## Your instructions
Pictures in the entries below are excluded; copy only the lines from the one containing "Label the camera" to the one containing "Lens: 48.6° across the image width.", both included.

## Data extracts
──────

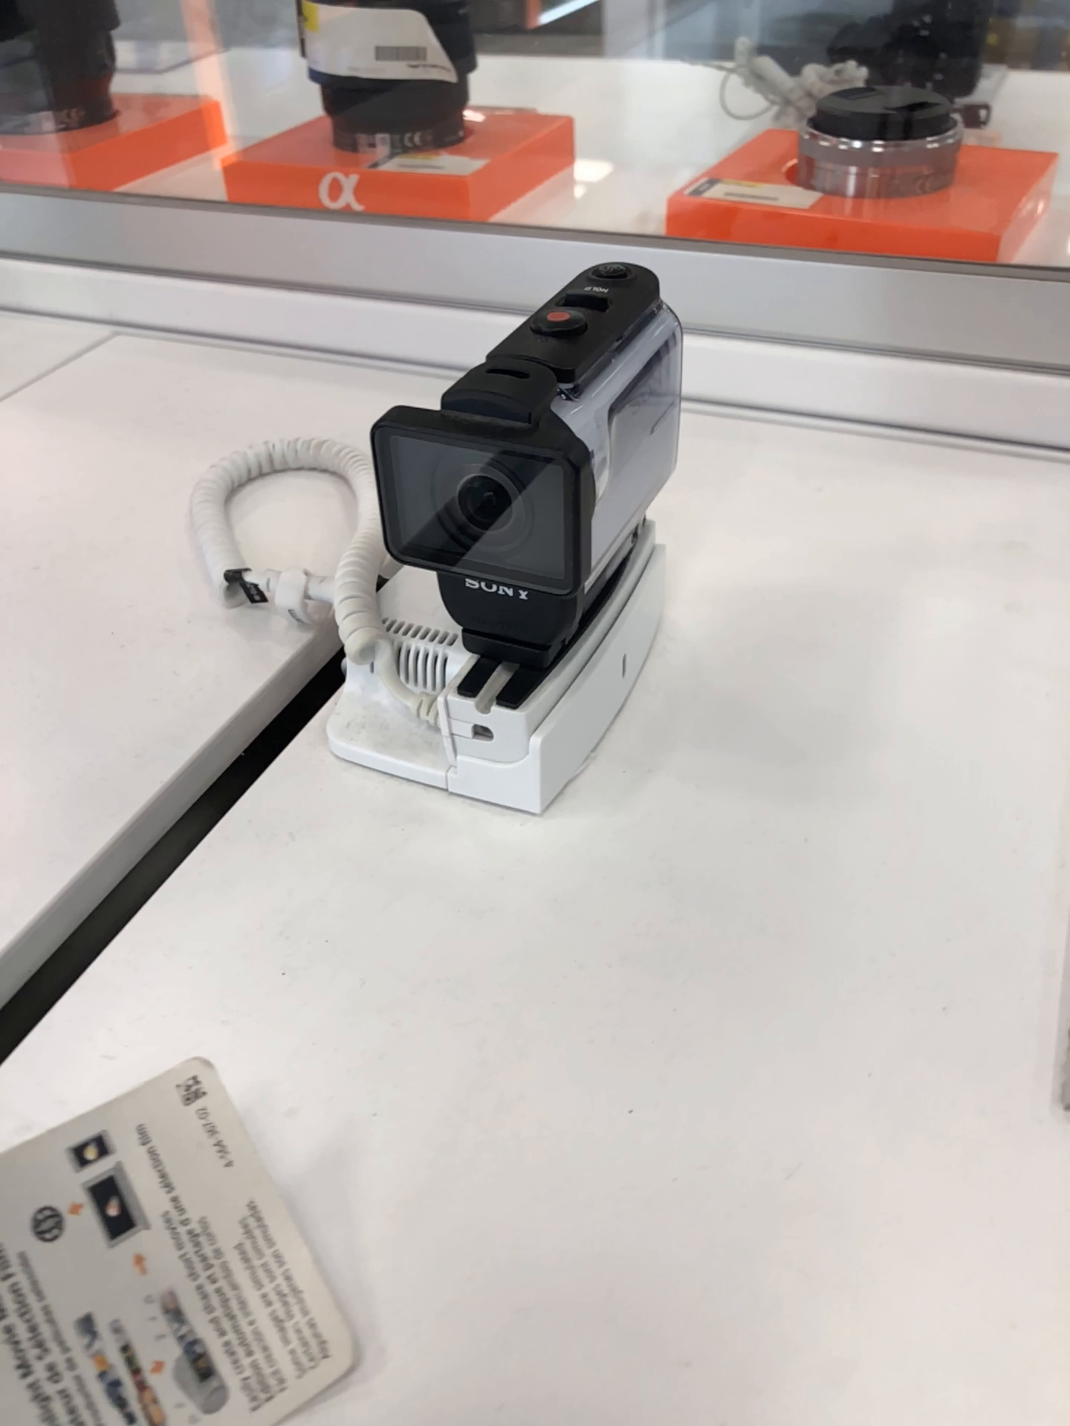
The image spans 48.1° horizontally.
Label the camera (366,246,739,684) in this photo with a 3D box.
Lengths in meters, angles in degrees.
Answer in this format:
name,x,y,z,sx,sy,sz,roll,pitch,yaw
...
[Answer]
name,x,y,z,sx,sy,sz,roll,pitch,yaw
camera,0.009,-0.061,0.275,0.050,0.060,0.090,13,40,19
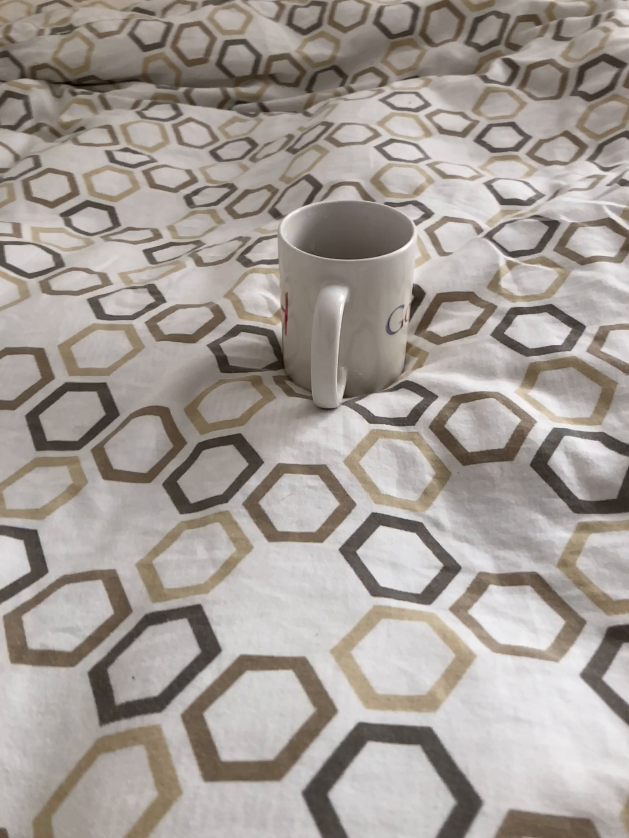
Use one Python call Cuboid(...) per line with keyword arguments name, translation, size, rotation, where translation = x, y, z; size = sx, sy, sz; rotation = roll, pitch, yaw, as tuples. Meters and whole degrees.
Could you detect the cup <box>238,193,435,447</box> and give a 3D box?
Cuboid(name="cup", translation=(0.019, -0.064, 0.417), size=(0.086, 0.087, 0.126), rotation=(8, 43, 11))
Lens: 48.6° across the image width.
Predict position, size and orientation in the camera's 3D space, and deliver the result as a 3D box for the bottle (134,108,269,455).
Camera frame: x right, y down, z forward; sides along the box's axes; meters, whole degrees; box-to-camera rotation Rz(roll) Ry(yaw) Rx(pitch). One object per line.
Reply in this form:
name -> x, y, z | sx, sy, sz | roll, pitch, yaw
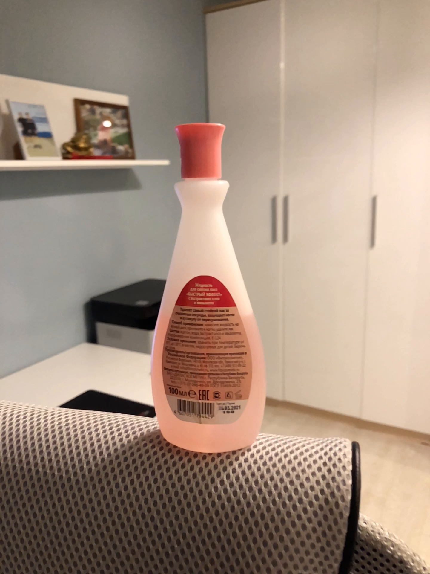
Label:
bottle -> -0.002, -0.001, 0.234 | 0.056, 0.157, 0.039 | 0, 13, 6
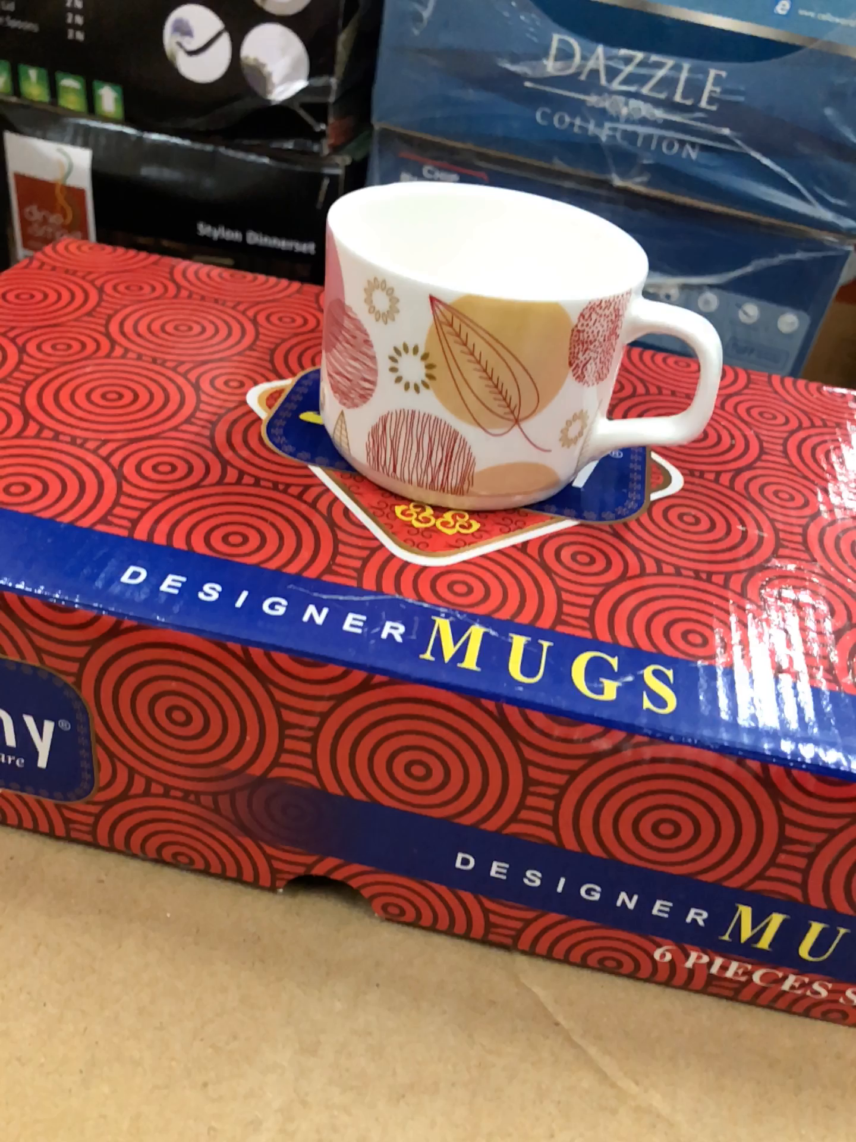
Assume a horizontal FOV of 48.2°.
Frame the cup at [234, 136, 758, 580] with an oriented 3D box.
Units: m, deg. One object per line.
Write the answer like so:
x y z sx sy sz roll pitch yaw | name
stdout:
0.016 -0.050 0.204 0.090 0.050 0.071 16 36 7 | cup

──────

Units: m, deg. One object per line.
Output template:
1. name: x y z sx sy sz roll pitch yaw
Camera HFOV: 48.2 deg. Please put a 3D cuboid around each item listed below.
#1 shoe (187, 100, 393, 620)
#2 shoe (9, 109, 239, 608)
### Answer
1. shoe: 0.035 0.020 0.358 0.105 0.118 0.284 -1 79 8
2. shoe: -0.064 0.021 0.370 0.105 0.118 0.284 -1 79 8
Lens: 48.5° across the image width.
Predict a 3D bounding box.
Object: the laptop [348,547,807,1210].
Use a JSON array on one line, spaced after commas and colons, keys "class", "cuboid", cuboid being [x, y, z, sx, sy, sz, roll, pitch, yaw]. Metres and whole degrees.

──────

## Exercise answer
Label the camera (366,246,739,684) in this photo with a 3D box.
Lengths in meters, angles in degrees.
Answer in this format:
name,x,y,z,sx,sy,sz,roll,pitch,yaw
...
[Answer]
name,x,y,z,sx,sy,sz,roll,pitch,yaw
camera,0.009,-0.061,0.275,0.050,0.060,0.090,13,40,19
Use one Python call Cuboid(...) per line with keyword arguments name, translation, size, rotation, where translation = x, y, z; size = sx, sy, sz; rotation = roll, pitch, yaw, as tuples. Meters and whole degrees.
Could you detect the cup <box>238,193,435,447</box> and give a 3D box?
Cuboid(name="cup", translation=(0.019, -0.064, 0.417), size=(0.086, 0.087, 0.126), rotation=(8, 43, 11))
Lens: 48.6° across the image width.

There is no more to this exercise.